Insbesondere sollten auch die Kosten für einen Neubau eines Freibads im Bereich des Hallenbads an der Gesamtschule Busecker Tal inklusive Kosten über 30 Jahre berechnet werden, fand Müller. »Wir sollten keine Restauration eines Oldtimers durchführen, der dann keine Straßenzulassung mehr bekommt.« Unter anderem sollte geprüft werden, das Schwimmbecken auf 25 Meter Länge zu vergrößern und eine Kommission einzusetzen, die für eine Entscheidungsgrundlage sorgen sollte.

 

Haas: Idee zweieinhalb Jahre zu spät

 

»Diesen Vortrag hätte ich mir vor zweieinhalb Jahren gewünscht«, sagte Bürgermeister Dirk Haas zu den Ausführungen Müllers. »Der Standort wurde damals geklärt und mit vielen Zuschüssen und einem durchdachten und tragfähigen Betreiberkonzept sollte das Freibad wieder eröffnet werden.« Das hätte man nun endlich vorliegen. Zwar hat der Hallenbadverein noch keinen abschließenden Entschluss gefasst, aber bereits eine Absichtserklärung abgeben, auch die Führung des Freibades zu übernehmen. Wie im Hallenbad wäre der Eintritt in die Badeanlage dann für Mitglieder möglich, auch die Option einer Saison-Mitgliedschaft soll erwogen werden.

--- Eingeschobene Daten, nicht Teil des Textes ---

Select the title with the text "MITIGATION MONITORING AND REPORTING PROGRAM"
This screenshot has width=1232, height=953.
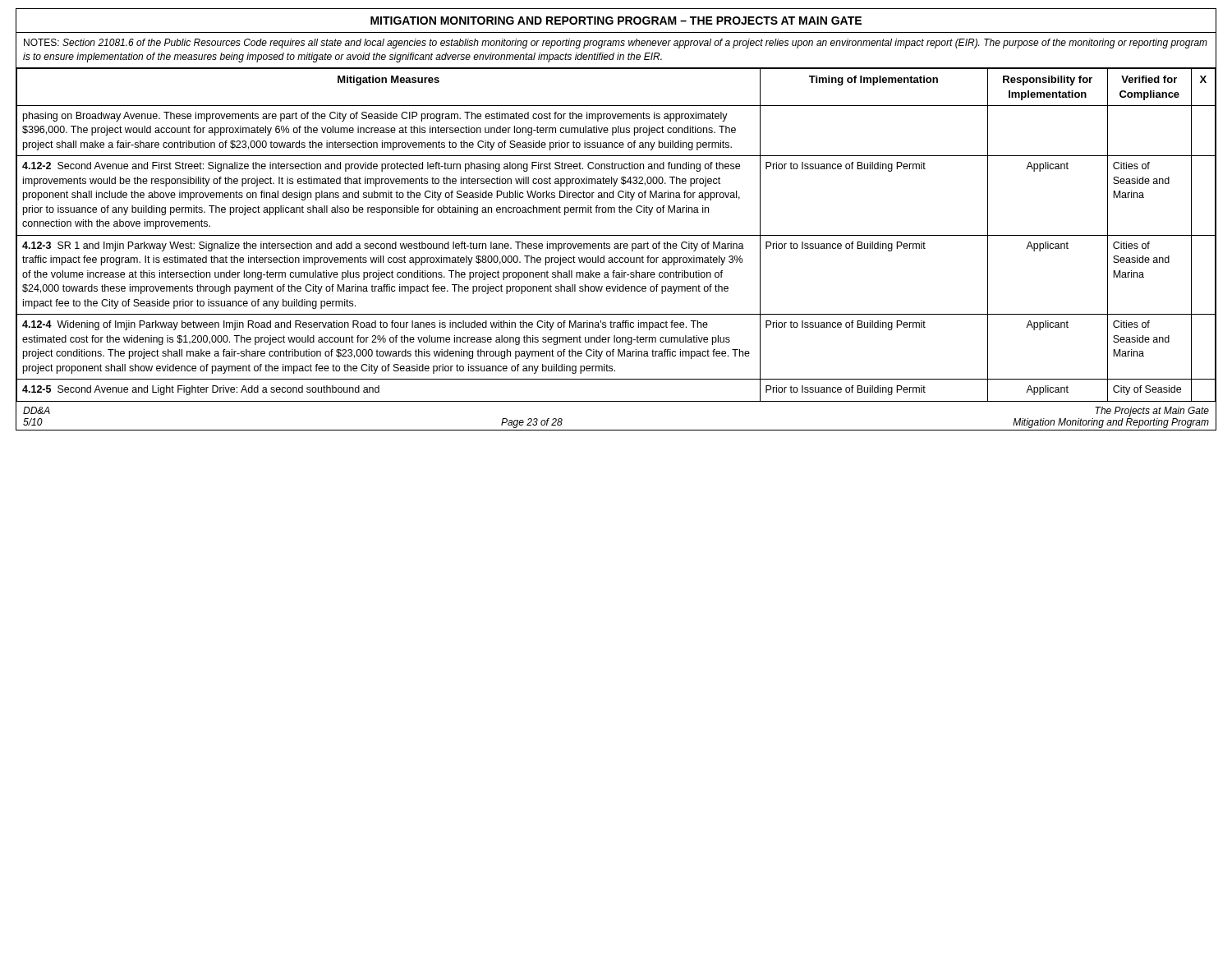(616, 21)

Auch von der SPD kam einiges an Kritik zu dem Antrag: »Wir tragen hier ja keine sportlichen Wettkämpfe aus, wo bestimmte Vorgaben erfüllt werden müssen«, führte Fraktionsvorsitzender Willy Jost aus. »Wir müssen jetzt keine weiteren Machbarkeitsstudien für viel Geld machen.« Die Einrichtung einer Kommission würde nur für weitere Zeitverzögerungen sorgen.

 

CDU glaubt nicht an Erkenntnisgewinn

 

Die Freien Wähler konnten sich dem Antrag in einem Punkt anschließen: Der Einrichtung einer Kommission, die sich weitergehend mit dem Thema beschäftigen solle. Doch bis der Antrag entsprechend formuliert war, verging noch einige Zeit und eine Sitzungsunterbrechung musste einberufen werden. Nach Fertigstellung kam Kritik an der Planung jedoch ausgerechnet von der CDU: »Wenn ihr glaub, dass wir nach den Ergebnissen der Kommission schlauer sind – das wird nicht der Fall sein«, sagte Eckhard Neumann, stellvertretender CDU-Fraktionsvorsitzender. Zuvor hatte er bereits erklärt, sich bei der Abstimmung zu enthalten. »Ich finde, dass wir da jetzt auf einem guten Weg sind.«

 

Nur eine Stimme für Antrag

 

Bei der abschließenden Abstimmung der Gemeindevertreter schlug dem Antrag in allen Punkten vor allem Ablehnung entgegen: Die Prüfung und Zusammenstellung der Kosten wurde mit einer Ja-Stimme von Frank Müller sowie 17 Gegenstimmen von den SPD, FW und Grünen-Fraktionen sowie neun Enthaltungen (CDU und FW) abgelehnt. Auch im zweiten Teil des Antrags, der Erstellung eines Raum- und Flächenkonzepts verlief das Ergebnis ähnlich: ein Ja-Stimme stand 18 Gegenstimmen und acht Enthaltungen gegenüber. Was die Einrichtung einer Kommission gab es letztlich mehr Zustimmung, aber längst nicht Genug: Den zwölf Ja-Stimmen von CDU und FW, standen 14 Gegenstimmen sowie eine Enthaltung gegenüber. Damit kann nun weiter verfahren werden wie bisher – zur nächsten Sitzungsrunde will Bürgermeister Haas über die ersten Pläne und Kosten für die Sanierung des Freibades auf der Wieseckinsel sowie die Unterhaltungskosten berichten.